The study enrolled 43 subjects with type I IDDM and 50 nondiabetic subjects. Demographic data are summarized in Table 2. The ratio of men to women for the diabetic population was 60:40, and that for the nondiabetic population was 40:60. The mean age for both groups was approximately the same. The diabetic group had a larger proportion of smokers (46%) compared to the proportion among the nondiabetic subjects (22%) and a larger proportion of subjects with dentures (30%) compared to the proportion among the nondiabetic subjects (2%). Each of these features was statistically significant (P < 0.05). The ethnicities of the subjects were not closely matched because selection of subjects was based upon the availability and the efficient utilization of clinical resources. The control group had a significantly larger proportion of Caucasians (66%) than the diabetic group (28%), while the diabetic group had a significantly larger proportion of African Americans (34%) than the nondiabetic group (4%).

TABLE 2.

Demographics and Candida carriage in patients with type I IDDM and nondiabetics^a

Characteristic	Diabetic subjects with ≤350 CFU/ml	Diabetic subjects with >350 CFU/ml	Totals for diabetic subjects	Nondiabetic subjects with ≤350 CFU/ml	Nondiabetic subjects with >350 CFU/ml	Totals for nondiabetic subjects
Gender (no. of men, no. of women)	14, 10	12, 7	26, 17	12, 24	4, 9	17, 33
Age (yr)
Mean	50.1	47.6	49	46.5	42.3	45.4
Median	51	47.0	50	49	43.5	45.5
Range	18-82	30-59	18-82	18-77	20-65	18-77
No. of subjects who are smokers	9	11	20	4	7	11
No. of subjects with dentures	6	7	13	0	1	1
Abnormal oral examination	6	7	13	1	3	4
Previous antifungal therapy	3	4	7	0	0	0
History of fungal infection	3	4	7	0	1	1
Oral symptoms	2	2	5	1	0	1
No. of subjects by race:
Caucasian	7	5	12	21	12	33
African American	7	8	15	2	0	2
Hispanic	2	1	3	6	1	7
Japanese	1	0	1	3	0	3
Chinese	1	0	1	3	0	3
Filipino	3	0	3	1	1	2
Cambodian	0	4	4	0	0	0
Ethiopian	3	0	3	0	0	0
Indonesian	0	1	1	0	0	0
Other	0	0	0	0	0	0

^aData are for 43 subjects with type I IDDM and 50 nondiabetics.
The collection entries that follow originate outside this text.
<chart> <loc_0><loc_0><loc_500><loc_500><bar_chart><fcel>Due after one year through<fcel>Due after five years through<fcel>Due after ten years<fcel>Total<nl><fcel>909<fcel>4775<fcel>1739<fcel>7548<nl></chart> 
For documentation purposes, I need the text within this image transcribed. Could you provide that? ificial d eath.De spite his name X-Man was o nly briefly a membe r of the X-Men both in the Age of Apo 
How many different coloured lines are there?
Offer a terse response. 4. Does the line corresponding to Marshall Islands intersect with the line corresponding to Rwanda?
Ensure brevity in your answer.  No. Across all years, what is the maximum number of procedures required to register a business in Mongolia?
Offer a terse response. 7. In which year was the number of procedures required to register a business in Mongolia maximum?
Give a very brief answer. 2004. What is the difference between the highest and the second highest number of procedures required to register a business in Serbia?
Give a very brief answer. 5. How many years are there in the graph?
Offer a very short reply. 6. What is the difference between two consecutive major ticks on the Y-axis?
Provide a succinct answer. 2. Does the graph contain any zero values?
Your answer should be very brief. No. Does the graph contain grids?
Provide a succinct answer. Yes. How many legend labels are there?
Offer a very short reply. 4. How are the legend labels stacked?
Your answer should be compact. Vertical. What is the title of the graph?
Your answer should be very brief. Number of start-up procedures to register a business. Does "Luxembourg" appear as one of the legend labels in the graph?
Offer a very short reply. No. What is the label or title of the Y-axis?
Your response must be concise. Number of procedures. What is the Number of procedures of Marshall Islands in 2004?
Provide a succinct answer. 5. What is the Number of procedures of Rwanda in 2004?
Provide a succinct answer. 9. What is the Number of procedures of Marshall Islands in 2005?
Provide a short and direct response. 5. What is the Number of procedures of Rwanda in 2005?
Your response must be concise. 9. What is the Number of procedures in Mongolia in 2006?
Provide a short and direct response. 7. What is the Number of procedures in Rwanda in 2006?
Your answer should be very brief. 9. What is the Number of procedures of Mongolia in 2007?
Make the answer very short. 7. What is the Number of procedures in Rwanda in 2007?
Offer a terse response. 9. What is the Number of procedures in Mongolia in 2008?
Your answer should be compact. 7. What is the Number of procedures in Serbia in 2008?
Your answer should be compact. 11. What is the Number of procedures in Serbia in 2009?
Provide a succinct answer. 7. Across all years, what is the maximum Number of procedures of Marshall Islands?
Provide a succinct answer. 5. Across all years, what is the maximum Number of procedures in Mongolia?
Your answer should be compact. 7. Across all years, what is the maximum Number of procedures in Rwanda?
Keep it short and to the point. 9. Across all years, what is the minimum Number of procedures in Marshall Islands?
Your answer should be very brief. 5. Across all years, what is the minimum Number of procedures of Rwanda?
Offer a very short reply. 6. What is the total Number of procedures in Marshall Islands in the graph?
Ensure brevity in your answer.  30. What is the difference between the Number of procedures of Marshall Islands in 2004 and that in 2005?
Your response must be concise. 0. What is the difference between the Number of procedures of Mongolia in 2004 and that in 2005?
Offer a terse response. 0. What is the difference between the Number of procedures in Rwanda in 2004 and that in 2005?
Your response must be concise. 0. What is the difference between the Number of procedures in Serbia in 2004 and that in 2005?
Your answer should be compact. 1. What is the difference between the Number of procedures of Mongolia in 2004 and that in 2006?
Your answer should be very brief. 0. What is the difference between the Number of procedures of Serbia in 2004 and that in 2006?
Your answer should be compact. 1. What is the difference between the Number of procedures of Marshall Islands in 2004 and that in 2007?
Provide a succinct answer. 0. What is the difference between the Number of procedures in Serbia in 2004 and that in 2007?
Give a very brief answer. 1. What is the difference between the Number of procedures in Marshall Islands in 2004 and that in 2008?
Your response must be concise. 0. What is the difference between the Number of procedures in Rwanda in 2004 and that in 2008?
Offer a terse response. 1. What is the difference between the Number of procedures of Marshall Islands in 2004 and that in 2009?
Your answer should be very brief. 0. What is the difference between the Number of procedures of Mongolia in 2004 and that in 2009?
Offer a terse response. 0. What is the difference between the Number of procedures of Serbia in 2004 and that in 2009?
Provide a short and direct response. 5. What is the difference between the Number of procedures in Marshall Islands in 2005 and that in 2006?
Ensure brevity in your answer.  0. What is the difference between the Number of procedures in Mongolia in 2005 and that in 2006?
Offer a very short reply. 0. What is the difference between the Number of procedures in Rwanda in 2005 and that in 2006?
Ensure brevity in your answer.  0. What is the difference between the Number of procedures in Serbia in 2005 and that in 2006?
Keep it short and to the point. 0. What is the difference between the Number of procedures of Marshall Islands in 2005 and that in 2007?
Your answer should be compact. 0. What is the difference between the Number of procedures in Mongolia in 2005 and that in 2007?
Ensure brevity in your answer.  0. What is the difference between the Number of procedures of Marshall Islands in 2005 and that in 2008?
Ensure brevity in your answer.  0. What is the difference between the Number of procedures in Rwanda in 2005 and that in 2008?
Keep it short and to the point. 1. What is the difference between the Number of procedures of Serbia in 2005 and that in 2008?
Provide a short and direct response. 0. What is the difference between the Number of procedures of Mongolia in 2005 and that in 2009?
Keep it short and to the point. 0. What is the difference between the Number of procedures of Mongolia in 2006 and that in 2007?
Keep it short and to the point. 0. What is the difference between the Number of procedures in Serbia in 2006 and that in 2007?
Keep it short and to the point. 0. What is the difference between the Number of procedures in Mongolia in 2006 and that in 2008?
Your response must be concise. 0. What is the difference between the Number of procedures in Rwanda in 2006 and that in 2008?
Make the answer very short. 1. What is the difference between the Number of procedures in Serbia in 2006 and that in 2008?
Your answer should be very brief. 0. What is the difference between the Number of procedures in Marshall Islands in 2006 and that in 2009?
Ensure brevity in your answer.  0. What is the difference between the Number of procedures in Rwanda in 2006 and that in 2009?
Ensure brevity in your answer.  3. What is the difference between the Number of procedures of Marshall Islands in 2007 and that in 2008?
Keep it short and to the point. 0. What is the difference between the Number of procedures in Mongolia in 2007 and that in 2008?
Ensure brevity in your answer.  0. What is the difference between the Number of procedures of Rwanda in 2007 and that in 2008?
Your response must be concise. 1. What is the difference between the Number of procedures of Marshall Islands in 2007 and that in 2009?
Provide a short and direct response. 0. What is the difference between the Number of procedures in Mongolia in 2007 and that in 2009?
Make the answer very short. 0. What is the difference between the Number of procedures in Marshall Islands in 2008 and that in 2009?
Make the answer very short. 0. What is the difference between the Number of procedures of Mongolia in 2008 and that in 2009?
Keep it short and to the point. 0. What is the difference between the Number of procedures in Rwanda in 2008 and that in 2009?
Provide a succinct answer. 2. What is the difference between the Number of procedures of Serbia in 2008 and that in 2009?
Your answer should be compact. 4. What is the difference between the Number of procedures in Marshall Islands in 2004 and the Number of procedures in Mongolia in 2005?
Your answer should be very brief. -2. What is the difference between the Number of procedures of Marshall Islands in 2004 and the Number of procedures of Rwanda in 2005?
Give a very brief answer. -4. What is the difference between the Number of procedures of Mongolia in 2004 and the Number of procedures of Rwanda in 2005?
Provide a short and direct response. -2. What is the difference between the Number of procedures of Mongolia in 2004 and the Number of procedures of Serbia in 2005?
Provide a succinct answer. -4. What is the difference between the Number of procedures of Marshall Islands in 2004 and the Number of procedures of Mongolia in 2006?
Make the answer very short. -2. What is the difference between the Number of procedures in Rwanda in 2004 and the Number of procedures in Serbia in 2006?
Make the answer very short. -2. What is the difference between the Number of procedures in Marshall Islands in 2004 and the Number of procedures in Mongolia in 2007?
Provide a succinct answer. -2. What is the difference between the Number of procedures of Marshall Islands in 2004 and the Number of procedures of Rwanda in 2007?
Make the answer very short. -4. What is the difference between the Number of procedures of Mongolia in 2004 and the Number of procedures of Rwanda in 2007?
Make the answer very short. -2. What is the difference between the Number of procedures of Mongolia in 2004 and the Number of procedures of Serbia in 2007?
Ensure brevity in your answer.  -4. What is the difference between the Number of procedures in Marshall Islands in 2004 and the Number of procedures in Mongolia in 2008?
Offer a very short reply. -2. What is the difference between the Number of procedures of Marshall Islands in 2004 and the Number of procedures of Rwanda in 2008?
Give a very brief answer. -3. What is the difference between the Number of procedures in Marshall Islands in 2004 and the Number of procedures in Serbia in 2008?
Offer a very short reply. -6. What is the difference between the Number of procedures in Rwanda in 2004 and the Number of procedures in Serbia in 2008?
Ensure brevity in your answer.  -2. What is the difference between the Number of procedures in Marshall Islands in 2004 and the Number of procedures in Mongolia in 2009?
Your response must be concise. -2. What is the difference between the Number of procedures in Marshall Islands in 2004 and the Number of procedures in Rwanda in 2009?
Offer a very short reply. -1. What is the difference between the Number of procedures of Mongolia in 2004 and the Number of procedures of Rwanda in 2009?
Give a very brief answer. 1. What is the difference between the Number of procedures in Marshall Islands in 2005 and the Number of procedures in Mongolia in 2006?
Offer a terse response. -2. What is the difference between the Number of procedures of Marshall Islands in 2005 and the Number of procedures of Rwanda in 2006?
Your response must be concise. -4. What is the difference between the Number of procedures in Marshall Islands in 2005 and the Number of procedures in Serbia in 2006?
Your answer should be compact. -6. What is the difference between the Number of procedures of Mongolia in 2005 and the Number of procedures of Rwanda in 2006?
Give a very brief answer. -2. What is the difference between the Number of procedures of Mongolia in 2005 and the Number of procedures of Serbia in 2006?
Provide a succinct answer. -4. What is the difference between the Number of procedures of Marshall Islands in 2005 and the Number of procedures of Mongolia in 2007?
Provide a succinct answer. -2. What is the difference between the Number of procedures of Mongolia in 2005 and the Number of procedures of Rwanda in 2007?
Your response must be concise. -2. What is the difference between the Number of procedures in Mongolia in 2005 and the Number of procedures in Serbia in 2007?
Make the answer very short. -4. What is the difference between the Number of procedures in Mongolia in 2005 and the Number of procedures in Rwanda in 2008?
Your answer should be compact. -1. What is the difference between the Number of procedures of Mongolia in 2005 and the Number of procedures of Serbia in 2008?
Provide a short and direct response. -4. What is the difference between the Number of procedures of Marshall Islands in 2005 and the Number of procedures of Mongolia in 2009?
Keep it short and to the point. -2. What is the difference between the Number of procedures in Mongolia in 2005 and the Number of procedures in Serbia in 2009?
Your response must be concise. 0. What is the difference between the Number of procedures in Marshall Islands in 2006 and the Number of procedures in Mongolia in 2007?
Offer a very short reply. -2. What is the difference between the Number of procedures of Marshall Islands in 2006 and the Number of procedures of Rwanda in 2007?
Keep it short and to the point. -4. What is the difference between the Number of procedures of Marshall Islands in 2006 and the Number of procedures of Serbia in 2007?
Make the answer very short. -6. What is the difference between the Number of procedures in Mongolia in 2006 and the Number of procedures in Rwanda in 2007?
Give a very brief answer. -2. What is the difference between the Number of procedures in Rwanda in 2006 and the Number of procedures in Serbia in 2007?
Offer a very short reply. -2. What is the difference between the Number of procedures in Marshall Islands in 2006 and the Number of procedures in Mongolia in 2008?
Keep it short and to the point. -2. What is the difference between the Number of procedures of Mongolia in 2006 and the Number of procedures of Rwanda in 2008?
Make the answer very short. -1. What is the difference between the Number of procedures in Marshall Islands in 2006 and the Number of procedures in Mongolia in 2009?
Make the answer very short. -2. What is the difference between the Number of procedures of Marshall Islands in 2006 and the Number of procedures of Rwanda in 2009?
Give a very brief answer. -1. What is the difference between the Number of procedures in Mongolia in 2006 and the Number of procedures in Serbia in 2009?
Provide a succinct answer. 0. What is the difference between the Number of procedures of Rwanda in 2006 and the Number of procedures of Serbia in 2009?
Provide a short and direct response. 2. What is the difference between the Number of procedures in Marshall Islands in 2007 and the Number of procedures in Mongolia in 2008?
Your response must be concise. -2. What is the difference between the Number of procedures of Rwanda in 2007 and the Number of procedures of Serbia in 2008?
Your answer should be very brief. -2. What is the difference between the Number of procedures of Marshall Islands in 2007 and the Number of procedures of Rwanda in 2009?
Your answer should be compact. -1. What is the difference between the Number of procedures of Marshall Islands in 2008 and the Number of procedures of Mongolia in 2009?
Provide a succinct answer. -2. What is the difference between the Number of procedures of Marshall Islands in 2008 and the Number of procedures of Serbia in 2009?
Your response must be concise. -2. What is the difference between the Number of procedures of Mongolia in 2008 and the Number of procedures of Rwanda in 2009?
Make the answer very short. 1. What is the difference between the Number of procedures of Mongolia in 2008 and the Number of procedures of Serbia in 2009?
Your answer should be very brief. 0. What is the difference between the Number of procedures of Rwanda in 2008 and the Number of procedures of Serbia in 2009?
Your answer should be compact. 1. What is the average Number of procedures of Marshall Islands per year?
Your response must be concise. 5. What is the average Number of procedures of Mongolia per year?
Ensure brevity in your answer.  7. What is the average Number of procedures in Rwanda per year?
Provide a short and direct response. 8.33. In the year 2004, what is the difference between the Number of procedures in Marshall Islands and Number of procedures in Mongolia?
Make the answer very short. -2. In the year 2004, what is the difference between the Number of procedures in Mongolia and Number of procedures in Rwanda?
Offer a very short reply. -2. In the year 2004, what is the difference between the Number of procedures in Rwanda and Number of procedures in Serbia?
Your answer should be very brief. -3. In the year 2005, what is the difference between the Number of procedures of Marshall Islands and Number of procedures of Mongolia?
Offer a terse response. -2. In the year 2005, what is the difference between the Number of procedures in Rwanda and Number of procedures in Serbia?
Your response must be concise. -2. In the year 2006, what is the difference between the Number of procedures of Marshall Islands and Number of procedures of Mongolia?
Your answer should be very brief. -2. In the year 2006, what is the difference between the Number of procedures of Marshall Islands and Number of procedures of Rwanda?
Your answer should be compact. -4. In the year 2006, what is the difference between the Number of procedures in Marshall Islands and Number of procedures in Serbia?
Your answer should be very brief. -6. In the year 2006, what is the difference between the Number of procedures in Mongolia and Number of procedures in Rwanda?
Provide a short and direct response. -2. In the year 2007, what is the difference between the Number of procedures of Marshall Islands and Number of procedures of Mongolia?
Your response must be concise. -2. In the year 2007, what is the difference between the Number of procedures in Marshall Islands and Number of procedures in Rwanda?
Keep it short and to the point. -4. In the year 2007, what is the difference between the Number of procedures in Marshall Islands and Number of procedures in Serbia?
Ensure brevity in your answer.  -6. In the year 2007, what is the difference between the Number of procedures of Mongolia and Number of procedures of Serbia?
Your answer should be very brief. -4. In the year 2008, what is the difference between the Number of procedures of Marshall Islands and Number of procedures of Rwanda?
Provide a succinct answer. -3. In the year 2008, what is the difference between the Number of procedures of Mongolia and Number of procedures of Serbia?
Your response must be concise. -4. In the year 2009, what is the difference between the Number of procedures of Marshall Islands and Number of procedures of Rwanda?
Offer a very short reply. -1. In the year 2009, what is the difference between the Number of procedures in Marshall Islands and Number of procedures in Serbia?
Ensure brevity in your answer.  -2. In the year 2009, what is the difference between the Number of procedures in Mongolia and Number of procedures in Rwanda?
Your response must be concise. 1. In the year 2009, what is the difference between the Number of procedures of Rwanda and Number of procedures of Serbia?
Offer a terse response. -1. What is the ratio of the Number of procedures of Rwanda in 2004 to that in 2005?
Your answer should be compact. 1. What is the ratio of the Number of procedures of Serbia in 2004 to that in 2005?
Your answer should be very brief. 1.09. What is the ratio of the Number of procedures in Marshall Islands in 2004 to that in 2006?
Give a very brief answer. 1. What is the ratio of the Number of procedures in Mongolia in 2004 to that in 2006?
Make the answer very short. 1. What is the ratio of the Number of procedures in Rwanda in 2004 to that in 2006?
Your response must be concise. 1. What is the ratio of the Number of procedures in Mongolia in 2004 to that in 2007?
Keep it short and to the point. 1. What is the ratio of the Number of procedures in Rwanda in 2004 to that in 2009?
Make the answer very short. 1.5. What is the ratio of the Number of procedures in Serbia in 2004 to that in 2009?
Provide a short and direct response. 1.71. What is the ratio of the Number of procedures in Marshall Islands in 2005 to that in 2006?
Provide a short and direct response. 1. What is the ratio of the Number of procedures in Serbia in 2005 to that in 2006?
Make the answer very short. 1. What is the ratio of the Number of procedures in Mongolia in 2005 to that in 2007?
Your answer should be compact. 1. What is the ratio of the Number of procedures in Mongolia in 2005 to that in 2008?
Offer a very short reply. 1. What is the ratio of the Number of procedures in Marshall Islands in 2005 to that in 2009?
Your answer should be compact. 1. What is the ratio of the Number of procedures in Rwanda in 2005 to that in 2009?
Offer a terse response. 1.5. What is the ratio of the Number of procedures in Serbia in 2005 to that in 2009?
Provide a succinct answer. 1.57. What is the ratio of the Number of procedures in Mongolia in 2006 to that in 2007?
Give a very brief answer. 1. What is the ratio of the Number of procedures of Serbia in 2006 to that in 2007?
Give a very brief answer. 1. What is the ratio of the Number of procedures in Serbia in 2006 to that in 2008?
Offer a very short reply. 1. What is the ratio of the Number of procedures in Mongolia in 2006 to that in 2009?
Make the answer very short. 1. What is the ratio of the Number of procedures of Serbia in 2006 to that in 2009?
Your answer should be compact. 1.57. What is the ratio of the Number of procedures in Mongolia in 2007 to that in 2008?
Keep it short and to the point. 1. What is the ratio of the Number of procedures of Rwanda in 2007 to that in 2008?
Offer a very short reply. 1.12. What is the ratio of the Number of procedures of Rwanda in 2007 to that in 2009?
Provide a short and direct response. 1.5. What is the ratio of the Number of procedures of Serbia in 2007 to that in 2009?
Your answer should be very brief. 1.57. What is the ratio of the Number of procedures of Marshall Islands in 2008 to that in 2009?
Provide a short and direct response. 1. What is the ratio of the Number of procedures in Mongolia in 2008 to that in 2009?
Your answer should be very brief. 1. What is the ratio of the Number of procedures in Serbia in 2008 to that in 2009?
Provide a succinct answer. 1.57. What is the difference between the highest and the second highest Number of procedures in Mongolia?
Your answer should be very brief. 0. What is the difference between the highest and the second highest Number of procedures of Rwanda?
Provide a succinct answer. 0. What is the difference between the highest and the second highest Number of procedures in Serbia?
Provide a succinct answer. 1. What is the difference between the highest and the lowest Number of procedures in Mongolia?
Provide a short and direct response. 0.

The diabetic subjects reported having a higher incidence of prior fungal infections, a higher level of prior use of antifungal medications, and a larger number of oral symptoms (from self-reports). The diabetic subjects also had a larger number of oral examinations positive for Candida infections. The examinations revealed the following pathologies associated with Candida: median rhomboid glossitis, atrophic tongue papilla, denture stomatitis, angular chelitis, and pseudomembranous candidiasis. Other oral abnormalities such as lichen planus, gingival pathology (hyperplasia or gingivitis), aphthous ulcers, fissured tongue and/or parotid enlargement, and oral squamous cell carcinoma (secondary to betel nut use) were also detected.

Candida carriage status in diabetic and nondiabetic subjects.

The diabetic population had a higher level of Candida carriage (mean, 1,349 ± 246 CFU/ml) than the nondiabetic subjects (mean, 471± 134 CFU/ml) (P < 0.05). The proportion of diabetic subjects with >350 CFU/ml was 44%, and that for nondiabetic subjects was 28%. Only 5 (12%) of diabetic subjects had no detectable CFU, while 15 (30%) nondiabetic subjects had no detectable CFU.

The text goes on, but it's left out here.